As discussed in Note 7, during 2011, the Company issued $1.09 billion of secured notes through two term asset-backed securitization transactions. During 2010, the Company issued $600.0 million of secured notes through one term asset-backed securitization transaction. The term-asset backed securitization transactions are further discussed in Note 7.

HDFS' medium-term notes (collectively the Notes) provide for semi-annual interest payments and principal due at maturity. During 2011, HDFS repurchased an aggregate $49.9 million of its $1.0 billion, 6.8% medium-term notes which mature in June 2018. As a result, HDFS recognized in financial services interest expense a $9.6 million loss on extinguishment of debt, which included unamortized discounts and fees. During December 2010, the $200.0 million, 5.00% medium-term note matured, and the principal and accrued interest was paid in full. Unamortized discounts on the Notes reduced the balance by $1.9 million and $2.2 million at December 31, 2011 and 2010, respectively.
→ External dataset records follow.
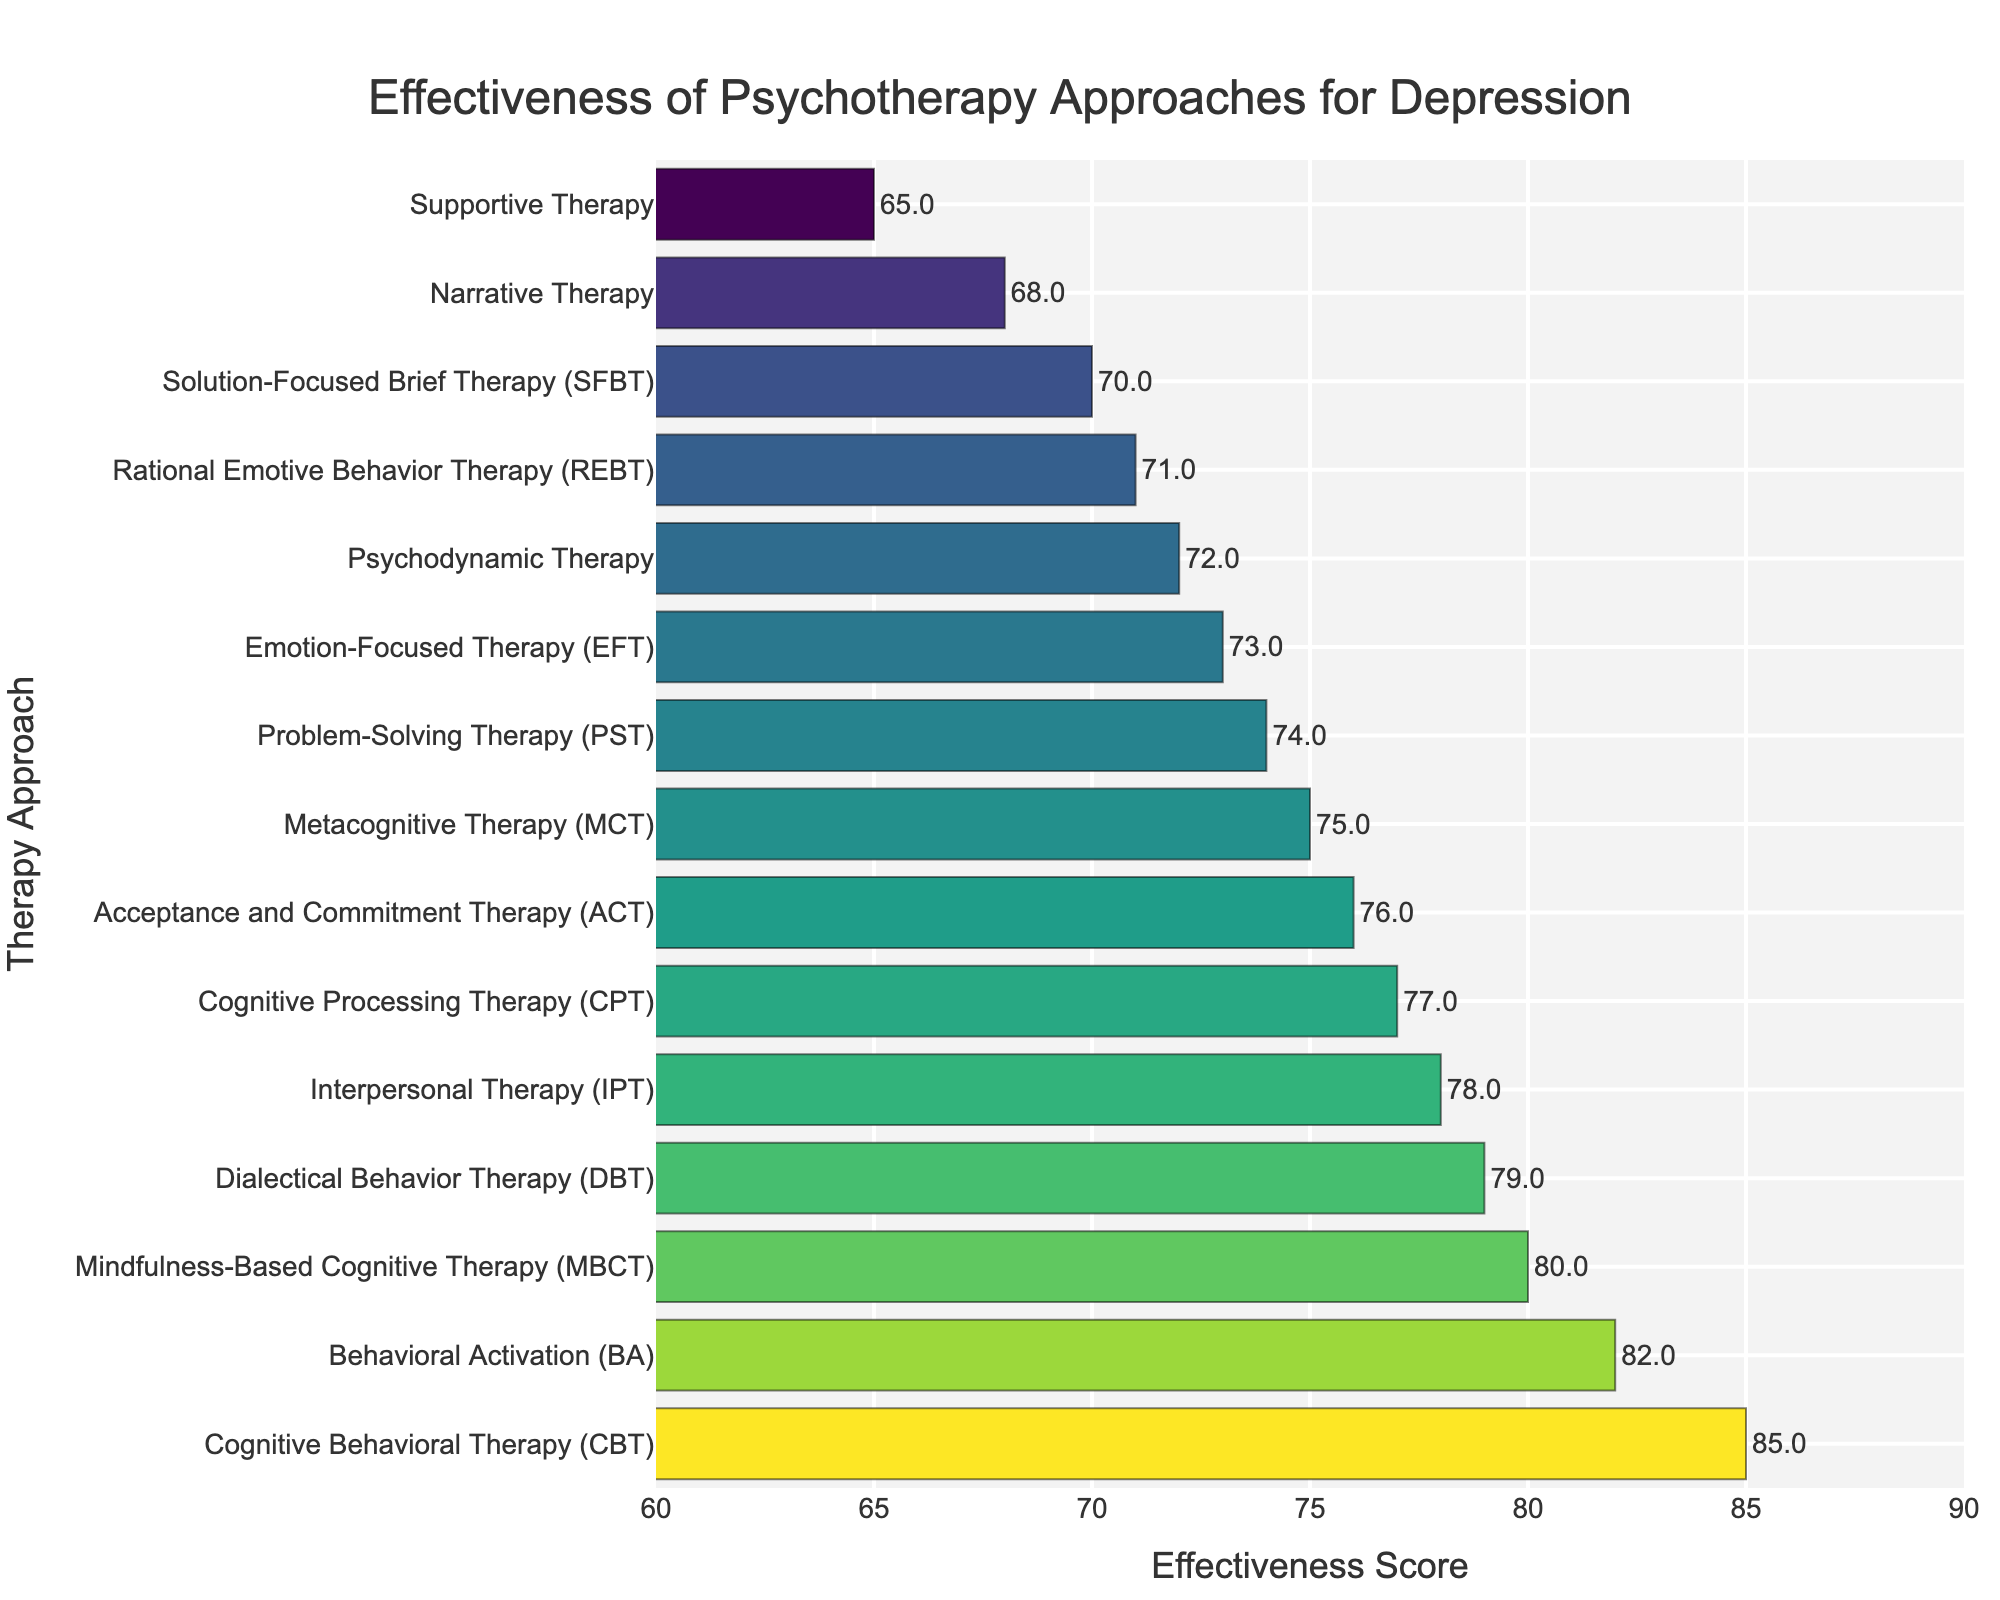Which psychotherapy approach has the highest effectiveness score? Locate the topmost bar in the figure which represents the highest effectiveness score among the psychotherapy approaches.
Answer: Cognitive Behavioral Therapy (CBT) Which three approaches score above 80 in effectiveness? Identify the bars that represent scores above 80 and list the corresponding psychotherapy approaches.
Answer: Cognitive Behavioral Therapy (CBT), Behavioral Activation (BA), Mindfulness-Based Cognitive Therapy (MBCT) What is the effectiveness score difference between the highest and lowest scoring therapies? Subtract the effectiveness score of the lowest scoring therapy from the highest scoring therapy. The highest score is 85 (CBT), and the lowest score is 65 (Supportive Therapy), so the difference is 85 - 65.
Answer: 20 How many therapies have an effectiveness score of 75 or above? Count the number of bars representing therapies with effectiveness scores of 75 or higher.
Answer: 10 Which therapy approach is closest in effectiveness score to Interpersonal Therapy (IPT)? Find the effectiveness score of IPT (78) and look for the bar closest to this score.
Answer: Dialectical Behavior Therapy (DBT), with a score of 79 What is the average effectiveness score of all therapies? Sum up all the effectiveness scores and divide by the total number of therapies (15). The calculation is (85 + 78 + 72 + 80 + 76 + 82 + 74 + 79 + 71 + 68 + 70 + 77 + 73 + 75 + 65) / 15.
Answer: 74.2 Which two therapies have the smallest difference in their effectiveness scores? Look for therapies with scores closest to each other. CPT (77) and ACT (76) have the smallest difference (77 - 76).
Answer: Cognitive Processing Therapy (CPT) and Acceptance and Commitment Therapy (ACT) What is the median effectiveness score of the psychotherapy approaches? Sort the scores in ascending order and find the middle value. The ordered scores are 65, 68, 70, 71, 72, 73, 74, 75, 76, 77, 78, 79, 80, 82, 85. The median score is the 8th value, which is 75.
Answer: 75 Which psychotherapy approaches have effectiveness scores below the average effectiveness score? Find the average effectiveness score (74.2) and list the therapies with scores below this average.
Answer: Rational Emotive Behavior Therapy (REBT), Narrative Therapy, Solution-Focused Brief Therapy (SFBT), Supportive Therapy What is the sum of the effectiveness scores for the three least effective therapies? Add the effectiveness scores of Supportive Therapy (65), Narrative Therapy (68), and Solution-Focused Brief Therapy (70). The sum is 65 + 68 + 70.
Answer: 203 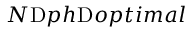Convert formula to latex. <formula><loc_0><loc_0><loc_500><loc_500>N p h o p t i m a l</formula>

In February 2009, the Company issued $600.0 million of senior unsecured notes in an underwritten offering. The senior unsecured notes provide for semi-annual interest payments and principal due at maturity. The senior unsecured notes mature in February 2014 and have an annual interest rate of 15%. During the fourth quarter of 2010, the Company repurchased $297.0 million of the $600.0 million senior unsecured notes at a price of $380.8 million. As a result of the transaction, the Company incurred a loss on debt extinguishment of $85.2 million which also includes $1.4 million of capitalized debt issuance costs that were written-off. The Company used cash on hand for the repurchase and the repurchased notes were cancelled.

HDFS has a revolving credit line with the Company whereby HDFS may borrow up to $210.0 million at market rates of interest. As of December 31, 2011 and 2010, HDFS had no borrowings owed to the Company under the revolving credit agreement.

HDFS and the Company are subject to various operating and financial covenants related to the Global Credit Facilities and various operating covenants under the Notes and the asset-backed commercial paper conduit facility. The more significant covenants are described below.

The covenants limit the Company's and HDFS' ability to:

 

   

incur certain additional indebtedness;

 

   

assume or incur certain liens;

 

   

participate in a merger, consolidation, liquidation or dissolution; and

 

   

purchase or hold margin stock.

Under the financial covenants of the Global Credit Facilities, the consolidated debt to equity ratio of HDFS cannot exceed 10.0 to 1.0. In addition, the Company must maintain a minimum interest coverage ratio of 2.25 to 1.0 for each fiscal quarter ended through June 2013 and 2.5 to 1.0 for each fiscal quarter thereafter. No financial covenants are required under the Notes, asset-backed commercial paper conduit facility or the Company's senior unsecured notes.

At December 31, 2011 and 2010, HDFS and the Company remained in compliance with all of these covenants.